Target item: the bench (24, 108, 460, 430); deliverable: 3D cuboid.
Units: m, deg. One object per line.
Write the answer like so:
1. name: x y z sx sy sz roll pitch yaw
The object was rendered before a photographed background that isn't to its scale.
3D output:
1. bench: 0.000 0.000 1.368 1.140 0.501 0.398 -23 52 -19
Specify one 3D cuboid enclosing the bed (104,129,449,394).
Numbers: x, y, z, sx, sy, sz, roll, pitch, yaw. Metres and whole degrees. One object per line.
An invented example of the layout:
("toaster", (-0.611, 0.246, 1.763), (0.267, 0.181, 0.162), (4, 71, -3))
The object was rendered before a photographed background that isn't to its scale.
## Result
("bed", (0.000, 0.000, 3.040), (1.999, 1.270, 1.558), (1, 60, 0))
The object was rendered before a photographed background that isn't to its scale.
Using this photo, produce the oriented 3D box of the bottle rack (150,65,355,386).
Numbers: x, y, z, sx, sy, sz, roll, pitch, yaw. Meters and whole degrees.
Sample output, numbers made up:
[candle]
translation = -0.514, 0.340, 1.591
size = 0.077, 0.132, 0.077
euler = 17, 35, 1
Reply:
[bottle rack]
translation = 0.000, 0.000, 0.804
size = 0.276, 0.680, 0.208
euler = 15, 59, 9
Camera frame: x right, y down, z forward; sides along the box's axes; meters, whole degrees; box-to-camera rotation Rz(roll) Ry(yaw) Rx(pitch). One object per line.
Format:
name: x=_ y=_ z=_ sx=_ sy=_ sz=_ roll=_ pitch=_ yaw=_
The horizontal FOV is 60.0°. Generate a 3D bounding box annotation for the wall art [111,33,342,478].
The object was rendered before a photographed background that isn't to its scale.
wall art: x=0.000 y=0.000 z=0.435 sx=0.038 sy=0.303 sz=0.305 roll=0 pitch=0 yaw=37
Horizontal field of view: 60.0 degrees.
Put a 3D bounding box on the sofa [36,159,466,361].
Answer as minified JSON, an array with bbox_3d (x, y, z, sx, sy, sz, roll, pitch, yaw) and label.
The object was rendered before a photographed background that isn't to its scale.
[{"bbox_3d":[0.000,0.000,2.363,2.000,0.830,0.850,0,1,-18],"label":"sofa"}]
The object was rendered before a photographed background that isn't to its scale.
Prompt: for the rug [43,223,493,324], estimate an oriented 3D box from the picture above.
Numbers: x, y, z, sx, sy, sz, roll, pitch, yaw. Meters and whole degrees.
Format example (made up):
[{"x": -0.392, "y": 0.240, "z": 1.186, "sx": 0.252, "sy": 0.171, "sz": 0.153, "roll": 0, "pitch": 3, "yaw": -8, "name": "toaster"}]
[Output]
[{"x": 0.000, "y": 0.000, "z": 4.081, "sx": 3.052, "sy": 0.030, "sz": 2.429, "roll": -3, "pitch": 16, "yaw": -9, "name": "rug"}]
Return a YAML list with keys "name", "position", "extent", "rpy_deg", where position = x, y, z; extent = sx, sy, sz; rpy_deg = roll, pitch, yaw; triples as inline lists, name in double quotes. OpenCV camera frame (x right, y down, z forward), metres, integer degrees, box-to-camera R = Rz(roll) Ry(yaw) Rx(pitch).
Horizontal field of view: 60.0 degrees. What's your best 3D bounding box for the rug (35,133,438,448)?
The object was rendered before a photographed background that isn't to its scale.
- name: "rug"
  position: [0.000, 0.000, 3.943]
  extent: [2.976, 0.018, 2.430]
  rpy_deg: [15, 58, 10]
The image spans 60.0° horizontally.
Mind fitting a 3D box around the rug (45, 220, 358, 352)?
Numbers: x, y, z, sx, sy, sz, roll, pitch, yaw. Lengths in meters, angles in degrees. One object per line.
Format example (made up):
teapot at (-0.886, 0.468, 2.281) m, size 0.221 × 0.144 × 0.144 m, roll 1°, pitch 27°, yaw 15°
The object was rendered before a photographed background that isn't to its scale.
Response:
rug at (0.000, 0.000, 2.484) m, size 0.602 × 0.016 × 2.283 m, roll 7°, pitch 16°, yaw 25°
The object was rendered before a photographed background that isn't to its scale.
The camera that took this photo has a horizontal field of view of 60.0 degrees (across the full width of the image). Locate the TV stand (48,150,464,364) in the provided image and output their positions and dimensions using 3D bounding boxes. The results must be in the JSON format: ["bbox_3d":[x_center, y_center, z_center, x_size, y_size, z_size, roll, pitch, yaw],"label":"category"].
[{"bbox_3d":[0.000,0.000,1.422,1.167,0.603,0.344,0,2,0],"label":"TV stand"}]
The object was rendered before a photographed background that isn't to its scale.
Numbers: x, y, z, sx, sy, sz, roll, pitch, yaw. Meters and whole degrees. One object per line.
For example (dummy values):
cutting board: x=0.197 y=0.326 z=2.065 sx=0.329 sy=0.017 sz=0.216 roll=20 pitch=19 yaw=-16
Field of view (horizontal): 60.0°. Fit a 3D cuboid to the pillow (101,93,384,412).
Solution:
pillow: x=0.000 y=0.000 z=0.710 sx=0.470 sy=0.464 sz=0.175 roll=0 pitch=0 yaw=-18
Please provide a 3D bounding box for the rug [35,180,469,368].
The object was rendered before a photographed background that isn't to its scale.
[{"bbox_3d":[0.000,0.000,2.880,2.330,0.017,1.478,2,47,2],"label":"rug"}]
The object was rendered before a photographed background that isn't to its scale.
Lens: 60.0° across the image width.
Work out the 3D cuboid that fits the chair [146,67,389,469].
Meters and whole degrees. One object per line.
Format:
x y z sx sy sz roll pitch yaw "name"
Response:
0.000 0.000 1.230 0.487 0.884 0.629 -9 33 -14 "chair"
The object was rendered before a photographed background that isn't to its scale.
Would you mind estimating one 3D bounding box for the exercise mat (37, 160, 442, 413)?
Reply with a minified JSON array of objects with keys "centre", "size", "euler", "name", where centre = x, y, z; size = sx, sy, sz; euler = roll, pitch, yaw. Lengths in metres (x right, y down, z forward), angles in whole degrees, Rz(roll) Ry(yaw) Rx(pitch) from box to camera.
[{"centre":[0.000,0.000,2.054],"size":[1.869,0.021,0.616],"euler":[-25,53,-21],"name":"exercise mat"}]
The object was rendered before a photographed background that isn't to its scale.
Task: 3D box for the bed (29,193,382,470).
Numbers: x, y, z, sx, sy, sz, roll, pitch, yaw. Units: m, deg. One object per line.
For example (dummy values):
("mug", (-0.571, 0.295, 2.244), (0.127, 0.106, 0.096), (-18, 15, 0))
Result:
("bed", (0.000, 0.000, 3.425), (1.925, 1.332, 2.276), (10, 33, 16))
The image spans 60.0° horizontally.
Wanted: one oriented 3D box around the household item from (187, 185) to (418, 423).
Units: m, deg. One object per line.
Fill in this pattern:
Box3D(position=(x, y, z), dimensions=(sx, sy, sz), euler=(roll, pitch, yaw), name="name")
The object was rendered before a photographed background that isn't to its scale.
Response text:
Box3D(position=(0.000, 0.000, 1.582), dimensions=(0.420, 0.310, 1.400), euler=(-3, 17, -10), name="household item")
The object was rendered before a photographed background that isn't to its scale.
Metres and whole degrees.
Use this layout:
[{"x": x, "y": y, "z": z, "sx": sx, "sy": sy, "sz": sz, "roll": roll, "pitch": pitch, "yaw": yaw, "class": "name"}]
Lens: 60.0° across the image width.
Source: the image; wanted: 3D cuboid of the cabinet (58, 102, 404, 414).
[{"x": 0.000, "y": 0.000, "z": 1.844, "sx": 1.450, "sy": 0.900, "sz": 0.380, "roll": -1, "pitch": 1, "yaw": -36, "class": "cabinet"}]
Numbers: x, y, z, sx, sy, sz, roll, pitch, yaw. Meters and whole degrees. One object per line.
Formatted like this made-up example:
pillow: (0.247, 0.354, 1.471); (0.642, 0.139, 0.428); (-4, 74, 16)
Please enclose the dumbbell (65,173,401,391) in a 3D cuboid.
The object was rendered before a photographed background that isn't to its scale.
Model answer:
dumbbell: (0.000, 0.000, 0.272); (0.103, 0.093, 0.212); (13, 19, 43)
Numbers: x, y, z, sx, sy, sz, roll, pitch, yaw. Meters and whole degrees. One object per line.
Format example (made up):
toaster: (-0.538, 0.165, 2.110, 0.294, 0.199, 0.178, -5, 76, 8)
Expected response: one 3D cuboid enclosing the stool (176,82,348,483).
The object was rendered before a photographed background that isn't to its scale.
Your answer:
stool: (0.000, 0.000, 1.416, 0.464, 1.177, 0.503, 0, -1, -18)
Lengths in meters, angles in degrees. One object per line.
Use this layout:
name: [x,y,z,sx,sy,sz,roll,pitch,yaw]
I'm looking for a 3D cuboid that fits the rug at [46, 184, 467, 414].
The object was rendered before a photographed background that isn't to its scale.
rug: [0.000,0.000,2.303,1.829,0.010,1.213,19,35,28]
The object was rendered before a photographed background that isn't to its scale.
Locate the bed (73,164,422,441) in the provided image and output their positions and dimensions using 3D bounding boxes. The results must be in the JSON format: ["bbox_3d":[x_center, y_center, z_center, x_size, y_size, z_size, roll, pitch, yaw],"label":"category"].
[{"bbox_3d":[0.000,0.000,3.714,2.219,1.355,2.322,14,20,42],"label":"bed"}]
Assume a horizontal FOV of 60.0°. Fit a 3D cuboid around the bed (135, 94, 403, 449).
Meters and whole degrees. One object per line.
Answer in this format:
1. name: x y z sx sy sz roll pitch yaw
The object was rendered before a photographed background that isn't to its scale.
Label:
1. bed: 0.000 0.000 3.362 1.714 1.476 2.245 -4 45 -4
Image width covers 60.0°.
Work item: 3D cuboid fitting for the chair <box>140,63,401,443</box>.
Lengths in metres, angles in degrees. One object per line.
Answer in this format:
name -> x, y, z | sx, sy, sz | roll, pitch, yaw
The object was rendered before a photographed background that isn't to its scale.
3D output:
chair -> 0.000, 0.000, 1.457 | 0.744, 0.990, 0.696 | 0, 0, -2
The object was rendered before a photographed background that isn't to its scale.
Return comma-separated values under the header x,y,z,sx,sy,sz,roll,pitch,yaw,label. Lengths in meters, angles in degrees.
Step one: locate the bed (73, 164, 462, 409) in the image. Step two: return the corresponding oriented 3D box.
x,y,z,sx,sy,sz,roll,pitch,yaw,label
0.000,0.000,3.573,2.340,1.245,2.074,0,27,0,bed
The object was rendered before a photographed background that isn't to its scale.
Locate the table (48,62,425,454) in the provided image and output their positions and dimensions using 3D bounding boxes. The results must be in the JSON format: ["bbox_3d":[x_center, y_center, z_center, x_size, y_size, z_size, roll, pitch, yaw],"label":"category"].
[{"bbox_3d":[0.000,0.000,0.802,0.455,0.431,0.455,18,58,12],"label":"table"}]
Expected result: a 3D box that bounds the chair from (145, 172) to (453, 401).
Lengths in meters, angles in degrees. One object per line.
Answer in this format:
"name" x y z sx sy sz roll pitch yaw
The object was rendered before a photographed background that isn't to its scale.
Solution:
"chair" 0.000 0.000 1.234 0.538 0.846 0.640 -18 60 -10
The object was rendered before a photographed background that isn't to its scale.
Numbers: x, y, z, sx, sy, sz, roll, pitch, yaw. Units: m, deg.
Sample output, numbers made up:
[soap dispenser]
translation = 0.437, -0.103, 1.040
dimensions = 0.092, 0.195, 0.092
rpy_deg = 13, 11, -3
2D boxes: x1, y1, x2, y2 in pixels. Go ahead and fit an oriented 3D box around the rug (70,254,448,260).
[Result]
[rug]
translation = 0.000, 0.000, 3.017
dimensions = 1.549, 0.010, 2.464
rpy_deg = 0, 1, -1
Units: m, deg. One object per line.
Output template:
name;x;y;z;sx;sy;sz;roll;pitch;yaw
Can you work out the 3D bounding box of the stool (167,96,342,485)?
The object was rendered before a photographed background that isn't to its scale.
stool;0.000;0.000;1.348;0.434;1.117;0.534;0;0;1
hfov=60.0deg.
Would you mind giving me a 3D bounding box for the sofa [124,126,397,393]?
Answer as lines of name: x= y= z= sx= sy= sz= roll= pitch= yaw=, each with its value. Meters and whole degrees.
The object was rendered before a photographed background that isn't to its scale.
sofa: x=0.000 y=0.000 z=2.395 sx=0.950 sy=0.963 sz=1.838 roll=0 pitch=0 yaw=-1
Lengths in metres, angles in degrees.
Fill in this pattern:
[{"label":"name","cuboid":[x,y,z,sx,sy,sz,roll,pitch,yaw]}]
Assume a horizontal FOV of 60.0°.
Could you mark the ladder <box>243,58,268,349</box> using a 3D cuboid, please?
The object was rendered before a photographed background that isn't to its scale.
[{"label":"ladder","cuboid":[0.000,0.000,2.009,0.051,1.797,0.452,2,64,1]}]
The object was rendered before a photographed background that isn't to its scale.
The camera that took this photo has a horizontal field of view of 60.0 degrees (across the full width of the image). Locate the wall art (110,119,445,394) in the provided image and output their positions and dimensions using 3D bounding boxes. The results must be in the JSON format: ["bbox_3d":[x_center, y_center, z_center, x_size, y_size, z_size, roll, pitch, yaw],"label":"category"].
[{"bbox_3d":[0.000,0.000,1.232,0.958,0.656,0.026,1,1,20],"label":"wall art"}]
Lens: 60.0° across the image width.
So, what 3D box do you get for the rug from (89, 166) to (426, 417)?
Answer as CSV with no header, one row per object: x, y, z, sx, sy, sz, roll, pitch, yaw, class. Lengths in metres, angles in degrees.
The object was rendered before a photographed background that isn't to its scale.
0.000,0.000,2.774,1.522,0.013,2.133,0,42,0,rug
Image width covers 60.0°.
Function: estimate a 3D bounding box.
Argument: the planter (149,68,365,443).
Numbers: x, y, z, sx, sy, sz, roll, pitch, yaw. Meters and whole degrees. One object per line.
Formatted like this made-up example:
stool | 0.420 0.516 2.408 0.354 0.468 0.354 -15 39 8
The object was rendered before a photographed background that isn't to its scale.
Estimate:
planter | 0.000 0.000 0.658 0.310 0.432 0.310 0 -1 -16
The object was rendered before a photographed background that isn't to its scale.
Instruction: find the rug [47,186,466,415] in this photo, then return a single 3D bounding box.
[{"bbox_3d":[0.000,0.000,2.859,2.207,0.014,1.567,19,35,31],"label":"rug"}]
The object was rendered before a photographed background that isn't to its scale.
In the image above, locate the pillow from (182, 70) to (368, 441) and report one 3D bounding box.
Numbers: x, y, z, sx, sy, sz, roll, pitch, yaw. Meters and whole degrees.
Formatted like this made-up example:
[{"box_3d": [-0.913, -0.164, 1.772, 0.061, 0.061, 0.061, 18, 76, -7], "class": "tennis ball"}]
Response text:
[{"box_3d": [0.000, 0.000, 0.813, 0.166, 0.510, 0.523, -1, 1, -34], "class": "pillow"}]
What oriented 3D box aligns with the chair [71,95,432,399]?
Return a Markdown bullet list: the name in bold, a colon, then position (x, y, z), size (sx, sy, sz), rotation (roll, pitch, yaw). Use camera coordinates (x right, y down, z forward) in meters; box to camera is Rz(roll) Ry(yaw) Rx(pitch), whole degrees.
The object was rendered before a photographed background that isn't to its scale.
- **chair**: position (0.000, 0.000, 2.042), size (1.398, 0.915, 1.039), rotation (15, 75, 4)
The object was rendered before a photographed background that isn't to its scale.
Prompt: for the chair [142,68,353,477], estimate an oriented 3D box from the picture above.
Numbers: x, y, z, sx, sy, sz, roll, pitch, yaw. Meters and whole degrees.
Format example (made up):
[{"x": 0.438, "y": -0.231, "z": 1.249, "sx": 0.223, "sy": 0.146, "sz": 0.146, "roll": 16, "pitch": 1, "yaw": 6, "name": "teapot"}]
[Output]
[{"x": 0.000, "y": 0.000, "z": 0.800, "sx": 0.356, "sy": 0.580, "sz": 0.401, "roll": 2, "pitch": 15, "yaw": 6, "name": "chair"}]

══════

:: What to do ::
In the entries, how many lines include the string "Would"? Only the number should be given.

:: Answer to the problem ::
2